Мы с Нормой спрыгнули с подножки «тормоза» на землю. Тут она уже была тронута провеснью и кое-где, под обтаявшим, словно кем обдышанным сугробом, слюденисто поблескивала вода. Но наст еще держал, и мы пошли с Нормой в гору, сперва чтобы согреться, потом, если откровенно, мне вдруг захотелось посмотреть на город с любимой мной в детстве верхотуры.

Идти было трудно, потому что одна воронка примыкала к другой, рытвины шли и вдоль, и поперек, а окопы – разного профиля – чуть ли встречались не на каждом шагу. Где и кто тут держал оборону, понять было невозможно. А вообще-то земля так старательно, хотя и хаотично, была перепахана бранным металлом, что даже не верилось, что на ней кто-то мог уцелеть.

Я попытался представить, как впереди своего взвода, крича что-то своим обугленным ртом, бежал Иван Инокентьевич Федотов. Бежал, может, по этому самому месту и где-то тут споткнулся, вернее, подумал, что споткнулся, а на самом деле упал, сраженный насмерть. «И – не дыхнул!» – говорил раньше о мгновенной смерти Савелий Кузьмич.

Но о нем, как я понял, мой плач впереди.

Мы забрались на вершину кургана. В отмяклом воздухе явно пахло весной. И, видимо, этот дух опушил невесть как попавшую сюда красноталину с единственной заячьей лапкой. Она выхлестнулась из пробитой немецкой каски.

Издали город казался черным крошевом, таким, какое видишь из вагона, когда смотришь под насыпь на стремительно проносящуюся придорожину, усыпанную щербатым щебнем.

Приближенные недалеким расстоянием, стояли обрубки труб завода «Красный Октябрь», а между ними высились обглоданные огнем и металлом уцелевшие корпуса цехов.

И вдруг меня охватил ужас. Нет, я не мог сказать, чего именно испугался. Просто стало жутко от тишины, оттого, что земля под ногой не вздрагивает и не пытается провалиться в тартарары. Все замерло на каком-то отчаянном крике. Ощерилось развалинами, ощетинилось щербатым кирпичом, осклизло выблеснутыми наземь стеклами.

Я не знаю, сколько длилось это оцепенение. Но спугнул его живой гудок. Это, наверно, подал голос тот самый паровоз, который вел наш состав и, одышечно двоша, остановился перед закрытым семафором.

Я сделал глубокий вдох, тряхнул плечами, словно сваливая тот озноб, что угнездился между лопаток и стал медленно спускать вниз.

Сколько тут, действительно, лежало вокруг металла! Вот наполовину разорвавшийся снаряд, как только что выпотрошенный карась. А чуть дальше – пулемет с погнутым стволом. Наверно, про такое ружье, подшучивая друг над другом, говорили те бойцы, которыми командовал Федотов. Вот винтовка, ложа у которой искромсано так, словно его изрубили топором. А это что-то новое: большущая бадейка с железными завитушками. Я потрогал ее рукой, повертел так и этак, но не сумел понять, что же это за штуковина.
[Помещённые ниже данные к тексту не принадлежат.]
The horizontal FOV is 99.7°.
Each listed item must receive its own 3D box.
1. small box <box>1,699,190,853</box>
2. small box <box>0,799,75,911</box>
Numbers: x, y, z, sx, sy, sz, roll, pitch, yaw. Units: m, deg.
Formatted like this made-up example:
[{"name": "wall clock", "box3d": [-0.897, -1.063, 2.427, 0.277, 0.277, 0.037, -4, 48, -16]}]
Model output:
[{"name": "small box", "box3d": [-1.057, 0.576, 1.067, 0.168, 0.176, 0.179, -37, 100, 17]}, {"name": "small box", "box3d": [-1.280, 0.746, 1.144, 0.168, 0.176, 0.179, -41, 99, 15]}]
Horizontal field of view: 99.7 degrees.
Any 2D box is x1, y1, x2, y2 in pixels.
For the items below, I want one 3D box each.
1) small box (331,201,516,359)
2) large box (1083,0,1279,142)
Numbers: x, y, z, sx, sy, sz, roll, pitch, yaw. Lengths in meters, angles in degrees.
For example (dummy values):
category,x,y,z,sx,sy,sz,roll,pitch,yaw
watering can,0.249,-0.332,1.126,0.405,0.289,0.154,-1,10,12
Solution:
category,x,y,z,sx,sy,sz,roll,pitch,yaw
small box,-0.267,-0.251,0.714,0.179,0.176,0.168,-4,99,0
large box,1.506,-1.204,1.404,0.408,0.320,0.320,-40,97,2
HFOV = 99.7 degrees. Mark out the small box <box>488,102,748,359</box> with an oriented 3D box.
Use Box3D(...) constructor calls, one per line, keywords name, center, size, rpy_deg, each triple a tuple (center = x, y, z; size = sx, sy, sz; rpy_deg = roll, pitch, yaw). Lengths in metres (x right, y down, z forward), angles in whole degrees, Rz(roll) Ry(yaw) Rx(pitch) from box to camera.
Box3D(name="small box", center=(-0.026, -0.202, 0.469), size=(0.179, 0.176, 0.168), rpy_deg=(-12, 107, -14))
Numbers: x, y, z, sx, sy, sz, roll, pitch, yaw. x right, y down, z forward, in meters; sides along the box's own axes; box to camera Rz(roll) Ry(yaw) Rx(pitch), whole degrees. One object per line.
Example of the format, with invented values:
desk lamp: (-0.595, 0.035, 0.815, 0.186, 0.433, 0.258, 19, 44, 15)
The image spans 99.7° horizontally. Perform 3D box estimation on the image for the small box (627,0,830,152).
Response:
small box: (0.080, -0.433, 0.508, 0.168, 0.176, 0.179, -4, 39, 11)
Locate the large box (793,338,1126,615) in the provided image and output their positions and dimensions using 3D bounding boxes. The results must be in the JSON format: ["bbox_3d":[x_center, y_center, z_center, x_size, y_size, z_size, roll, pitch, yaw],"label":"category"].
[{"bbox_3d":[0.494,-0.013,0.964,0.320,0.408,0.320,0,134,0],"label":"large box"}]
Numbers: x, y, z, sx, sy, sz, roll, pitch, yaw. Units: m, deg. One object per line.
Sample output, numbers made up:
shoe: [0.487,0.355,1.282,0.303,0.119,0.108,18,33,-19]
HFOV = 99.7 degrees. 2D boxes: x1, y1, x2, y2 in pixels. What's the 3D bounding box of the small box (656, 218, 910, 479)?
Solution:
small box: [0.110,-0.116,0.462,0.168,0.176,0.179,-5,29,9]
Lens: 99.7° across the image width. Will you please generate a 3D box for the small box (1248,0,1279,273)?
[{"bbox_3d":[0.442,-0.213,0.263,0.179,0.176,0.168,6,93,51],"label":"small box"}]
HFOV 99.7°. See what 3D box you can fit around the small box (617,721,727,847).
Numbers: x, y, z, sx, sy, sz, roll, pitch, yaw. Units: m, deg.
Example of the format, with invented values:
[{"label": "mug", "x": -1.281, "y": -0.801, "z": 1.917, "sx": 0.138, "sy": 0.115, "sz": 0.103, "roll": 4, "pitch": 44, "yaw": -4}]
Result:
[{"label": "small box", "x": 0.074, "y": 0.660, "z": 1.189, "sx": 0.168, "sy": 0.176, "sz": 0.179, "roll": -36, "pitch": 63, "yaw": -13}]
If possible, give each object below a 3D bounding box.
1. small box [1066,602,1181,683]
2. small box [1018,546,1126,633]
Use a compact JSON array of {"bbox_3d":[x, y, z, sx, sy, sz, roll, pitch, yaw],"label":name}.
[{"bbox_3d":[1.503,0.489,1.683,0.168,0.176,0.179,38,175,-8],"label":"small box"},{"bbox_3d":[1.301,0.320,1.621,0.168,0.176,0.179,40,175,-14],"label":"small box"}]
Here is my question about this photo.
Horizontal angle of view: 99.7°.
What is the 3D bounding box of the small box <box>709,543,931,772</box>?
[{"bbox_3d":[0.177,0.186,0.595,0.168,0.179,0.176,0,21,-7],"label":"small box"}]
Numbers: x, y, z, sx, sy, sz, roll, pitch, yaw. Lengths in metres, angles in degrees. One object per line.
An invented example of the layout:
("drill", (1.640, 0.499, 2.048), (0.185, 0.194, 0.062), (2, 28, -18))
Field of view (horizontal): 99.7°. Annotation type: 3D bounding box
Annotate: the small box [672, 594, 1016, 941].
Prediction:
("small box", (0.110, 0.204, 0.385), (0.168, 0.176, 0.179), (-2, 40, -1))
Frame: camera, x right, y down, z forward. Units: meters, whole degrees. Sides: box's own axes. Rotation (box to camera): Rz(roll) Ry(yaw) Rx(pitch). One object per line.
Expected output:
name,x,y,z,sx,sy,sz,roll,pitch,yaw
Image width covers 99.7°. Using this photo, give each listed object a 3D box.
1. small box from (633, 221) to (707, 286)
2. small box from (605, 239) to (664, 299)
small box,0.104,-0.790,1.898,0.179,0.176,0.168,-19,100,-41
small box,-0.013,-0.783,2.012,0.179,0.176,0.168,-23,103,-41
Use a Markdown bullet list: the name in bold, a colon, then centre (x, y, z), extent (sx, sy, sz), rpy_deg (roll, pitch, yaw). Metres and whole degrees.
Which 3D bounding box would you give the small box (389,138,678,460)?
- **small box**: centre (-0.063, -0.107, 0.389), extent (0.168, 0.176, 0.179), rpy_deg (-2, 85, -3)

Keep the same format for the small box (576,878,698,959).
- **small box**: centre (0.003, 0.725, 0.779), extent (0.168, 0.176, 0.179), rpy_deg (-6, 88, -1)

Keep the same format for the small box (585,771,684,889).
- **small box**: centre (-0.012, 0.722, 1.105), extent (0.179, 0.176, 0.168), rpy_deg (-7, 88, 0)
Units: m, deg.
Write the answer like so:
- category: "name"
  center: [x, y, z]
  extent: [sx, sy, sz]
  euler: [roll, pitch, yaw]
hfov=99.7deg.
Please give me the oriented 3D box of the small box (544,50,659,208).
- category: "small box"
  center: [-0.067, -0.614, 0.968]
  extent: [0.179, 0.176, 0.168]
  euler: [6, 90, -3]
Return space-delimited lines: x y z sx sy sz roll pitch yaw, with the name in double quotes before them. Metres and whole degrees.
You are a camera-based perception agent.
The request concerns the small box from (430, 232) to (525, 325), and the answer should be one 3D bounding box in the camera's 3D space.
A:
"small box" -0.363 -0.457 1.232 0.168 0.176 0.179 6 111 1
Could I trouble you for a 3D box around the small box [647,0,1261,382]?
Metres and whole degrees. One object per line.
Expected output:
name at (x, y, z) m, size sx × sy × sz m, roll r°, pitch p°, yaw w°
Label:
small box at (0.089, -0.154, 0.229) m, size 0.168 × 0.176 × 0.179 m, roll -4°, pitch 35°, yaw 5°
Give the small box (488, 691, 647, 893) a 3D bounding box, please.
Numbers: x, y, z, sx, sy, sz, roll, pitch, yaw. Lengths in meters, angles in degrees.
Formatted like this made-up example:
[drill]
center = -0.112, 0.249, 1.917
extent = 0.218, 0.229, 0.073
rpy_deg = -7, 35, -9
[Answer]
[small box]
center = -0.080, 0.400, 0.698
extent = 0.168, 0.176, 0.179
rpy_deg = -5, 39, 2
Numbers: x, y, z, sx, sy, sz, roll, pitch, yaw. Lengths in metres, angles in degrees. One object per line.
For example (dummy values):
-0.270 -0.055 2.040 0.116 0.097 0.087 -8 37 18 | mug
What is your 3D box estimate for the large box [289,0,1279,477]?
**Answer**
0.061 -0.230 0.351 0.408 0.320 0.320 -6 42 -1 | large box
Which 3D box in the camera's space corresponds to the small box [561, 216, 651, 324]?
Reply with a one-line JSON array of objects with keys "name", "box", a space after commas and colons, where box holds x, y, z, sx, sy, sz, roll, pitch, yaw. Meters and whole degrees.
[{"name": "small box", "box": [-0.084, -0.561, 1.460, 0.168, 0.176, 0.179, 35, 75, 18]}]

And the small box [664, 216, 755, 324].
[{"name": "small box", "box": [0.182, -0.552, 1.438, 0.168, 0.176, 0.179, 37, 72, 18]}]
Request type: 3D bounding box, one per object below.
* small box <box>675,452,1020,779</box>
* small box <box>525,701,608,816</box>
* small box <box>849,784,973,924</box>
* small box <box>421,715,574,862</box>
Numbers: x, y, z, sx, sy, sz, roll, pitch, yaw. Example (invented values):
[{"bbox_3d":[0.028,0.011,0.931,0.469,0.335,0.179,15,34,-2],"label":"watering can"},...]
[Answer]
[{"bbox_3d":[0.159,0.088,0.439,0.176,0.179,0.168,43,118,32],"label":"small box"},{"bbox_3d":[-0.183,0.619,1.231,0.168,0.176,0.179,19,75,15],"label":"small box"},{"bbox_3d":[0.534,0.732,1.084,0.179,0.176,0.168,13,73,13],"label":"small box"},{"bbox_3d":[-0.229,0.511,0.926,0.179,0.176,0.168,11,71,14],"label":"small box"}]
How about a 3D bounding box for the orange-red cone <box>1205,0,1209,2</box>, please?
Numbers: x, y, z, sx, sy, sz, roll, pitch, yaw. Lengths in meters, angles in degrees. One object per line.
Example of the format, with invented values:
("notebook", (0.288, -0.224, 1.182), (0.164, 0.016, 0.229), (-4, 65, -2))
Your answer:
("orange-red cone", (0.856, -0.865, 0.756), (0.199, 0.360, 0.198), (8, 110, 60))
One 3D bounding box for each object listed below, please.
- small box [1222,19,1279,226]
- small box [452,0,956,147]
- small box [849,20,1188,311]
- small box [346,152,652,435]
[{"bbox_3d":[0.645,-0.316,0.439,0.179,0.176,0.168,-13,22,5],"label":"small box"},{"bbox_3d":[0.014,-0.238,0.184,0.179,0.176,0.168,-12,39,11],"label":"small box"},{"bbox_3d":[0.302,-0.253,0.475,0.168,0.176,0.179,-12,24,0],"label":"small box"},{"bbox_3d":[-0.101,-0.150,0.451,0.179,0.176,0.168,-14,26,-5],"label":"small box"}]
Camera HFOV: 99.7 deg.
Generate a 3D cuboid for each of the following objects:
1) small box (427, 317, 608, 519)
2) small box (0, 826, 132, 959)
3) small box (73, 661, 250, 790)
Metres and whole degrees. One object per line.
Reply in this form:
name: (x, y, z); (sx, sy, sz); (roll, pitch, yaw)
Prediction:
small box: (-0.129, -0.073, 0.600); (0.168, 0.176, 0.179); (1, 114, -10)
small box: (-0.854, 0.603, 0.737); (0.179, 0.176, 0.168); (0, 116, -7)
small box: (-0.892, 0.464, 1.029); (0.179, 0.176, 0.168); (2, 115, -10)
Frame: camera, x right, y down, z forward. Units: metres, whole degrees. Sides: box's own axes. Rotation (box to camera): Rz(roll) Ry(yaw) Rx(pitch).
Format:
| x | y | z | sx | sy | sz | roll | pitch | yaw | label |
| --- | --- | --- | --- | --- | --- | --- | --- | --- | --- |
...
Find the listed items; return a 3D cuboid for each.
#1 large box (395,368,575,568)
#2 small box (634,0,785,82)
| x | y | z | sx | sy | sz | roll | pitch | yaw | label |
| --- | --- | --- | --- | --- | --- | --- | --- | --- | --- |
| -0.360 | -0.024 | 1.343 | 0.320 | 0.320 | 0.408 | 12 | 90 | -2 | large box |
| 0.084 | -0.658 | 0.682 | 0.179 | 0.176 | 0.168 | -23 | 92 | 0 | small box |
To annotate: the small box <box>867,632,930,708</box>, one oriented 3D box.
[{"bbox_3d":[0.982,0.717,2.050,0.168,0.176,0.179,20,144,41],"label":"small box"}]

Явно не цветы в нее устанавливали, хотя для такого обихода она больше подходила. Дна, правда, у нее не было.

Хорошо, что ужас отпустил меня, а то бы я, наверно, умер со страха, когда на ровном месте, вдруг ни с того ни с сего, провалился сквозь землю. В буквальном смысле. Только наступил на что-то мягкое.

Вылез наружу, не затеняя собой, заглянул внутрь. Явно какое-то сооружение. Только подземное. Спустился я в ту яму снова, ход, что вел в сторону, заметил. Протиснулся в него и очутился в довольно просторном помещении. Чиркнув зажигалкой, я осмотрелся. Это был блиндаж, потолок которого составляли накатные бревна, правда подбитые коврами. Кстати, ковры были и на полу, и на стенах. А в углу было свалено несколько пуховых перин.

Норма поскуливала наверху, не решаясь идти за мной без приказа.